Bug 61470

Summary: Text with phonetic runs aren't extracted in docx
Product: POI Reporter: Tim Allison <tallison>
Component: XWPFAssignee: POI Developers List <dev>
Status: RESOLVED FIXED    
Severity: major    
Priority: P2    
Version: unspecified   
Target Milestone: ---   
Hardware: PC   
OS: All   
Attachments: example file
Test script
reason to cache...for posterity and a later issue
reason to cache for posterity and a later issue

Description Tim Allison 2017-08-29 17:42:19 UTC
Created attachment 35269 [details]
example file

Over on TIKA-2448, I found that our DOM model is not extracting runs within "ruby" sections.  This means that neither the primary text ("東京") nor the phonetic text ("とうきょう") is extracted.
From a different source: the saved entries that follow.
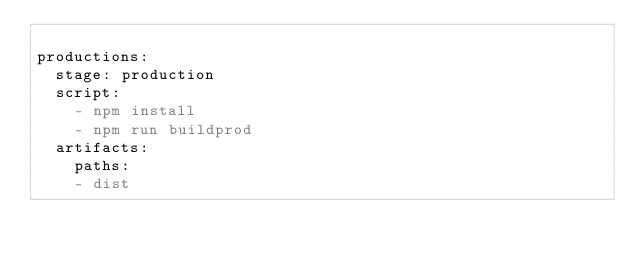<code> <loc_0><loc_0><loc_500><loc_500><_YAML_>  
productions:
  stage: production
  script: 
    - npm install
    - npm run buildprod
  artifacts:
    paths:
    - dist</code> 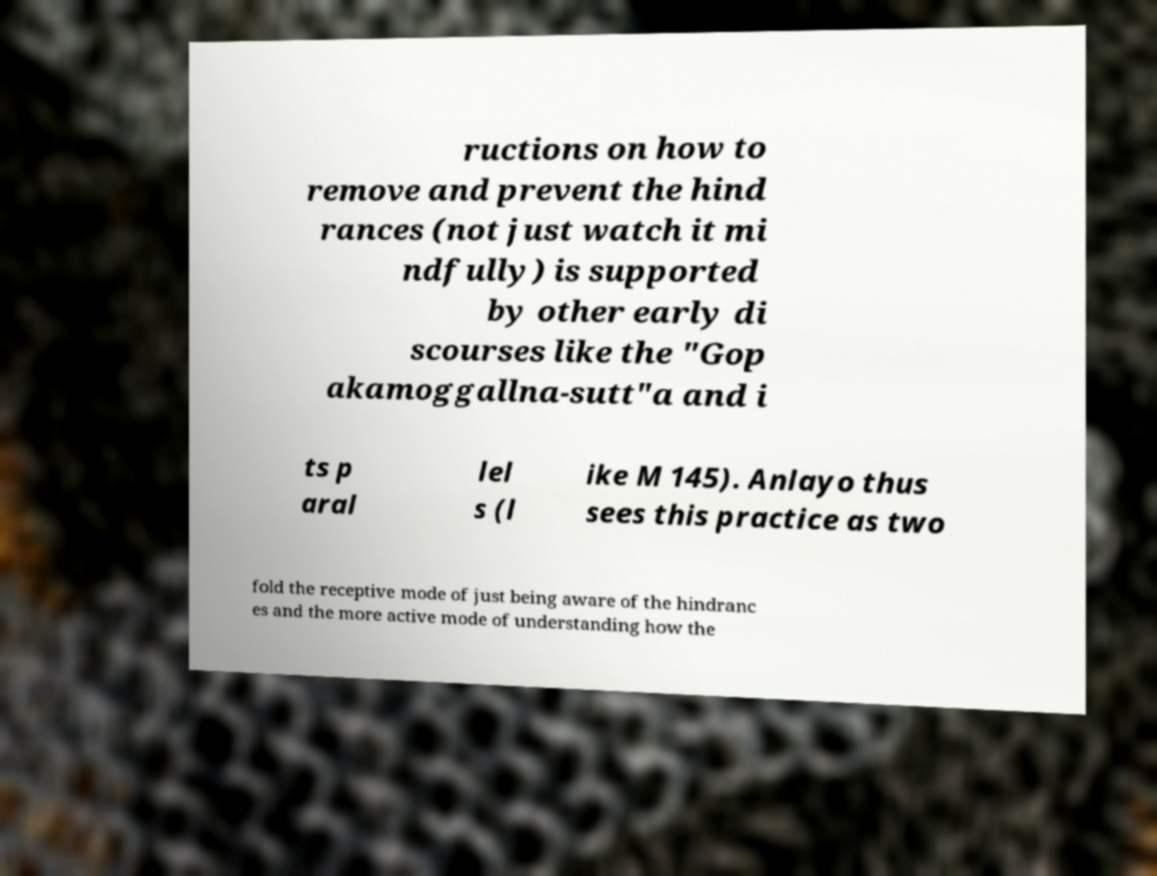Could you extract and type out the text from this image? ructions on how to remove and prevent the hind rances (not just watch it mi ndfully) is supported by other early di scourses like the "Gop akamoggallna-sutt"a and i ts p aral lel s (l ike M 145). Anlayo thus sees this practice as two fold the receptive mode of just being aware of the hindranc es and the more active mode of understanding how the 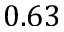<formula> <loc_0><loc_0><loc_500><loc_500>0 . 6 3</formula>

The more general point is that a run can contain a run...ugh!


  <w:body>
    <w:p>
      <w:r>
        <w:rPr>
           ...
        </w:rPr>
        <w:ruby>
          <w:rt>
            <w:r>
              <w:rPr>
               .....
              </w:rPr>
              <w:t>とうきょう</w:t>
            </w:r>
          </w:rt>
          <w:rubyBase>
            <w:r w:rsidR="001B7DA3">
              <w:rPr>
               ....
              </w:rPr>
              <w:t>東京</w:t>
            </w:r>
          </w:rubyBase>
        </w:ruby>
      </w:r>
    </w:p>
  </w:body>
Comment 1 Tim Allison 2017-08-30 16:31:08 UTC
r1806712

Added extraction of runs within ruby elements; added ability for users to select whether or not to concatenate phonetic runs; set default toString() behavior to include phonetic runs.
Comment 2 studio test 2017-08-31 08:13:56 UTC
Created attachment 35271 [details]
Test script
Comment 3 Tim Allison 2017-08-31 12:17:06 UTC
Spam?
Comment 4 Tim Allison 2017-08-31 19:39:53 UTC
Given this example:
162.242.228.174/docs/commoncrawl2/WI/WIFC2FI3QH64A6KHOBEDNQKLN5O5EYSS

I wonder if we should cache the phonetic content as we read through the document and then dump it at the end.  This would allow for a document to be found via the phonetic info, and it wouldn't completely wreck nlp applications.

For another issue...
Comment 5 Tim Allison 2017-08-31 19:44:50 UTC
Created attachment 35275 [details]
reason to cache...for posterity and a later issue
Comment 6 Tim Allison 2017-08-31 19:46:05 UTC
Created attachment 35276 [details]
reason to cache for posterity and a later issue

correct file attached this time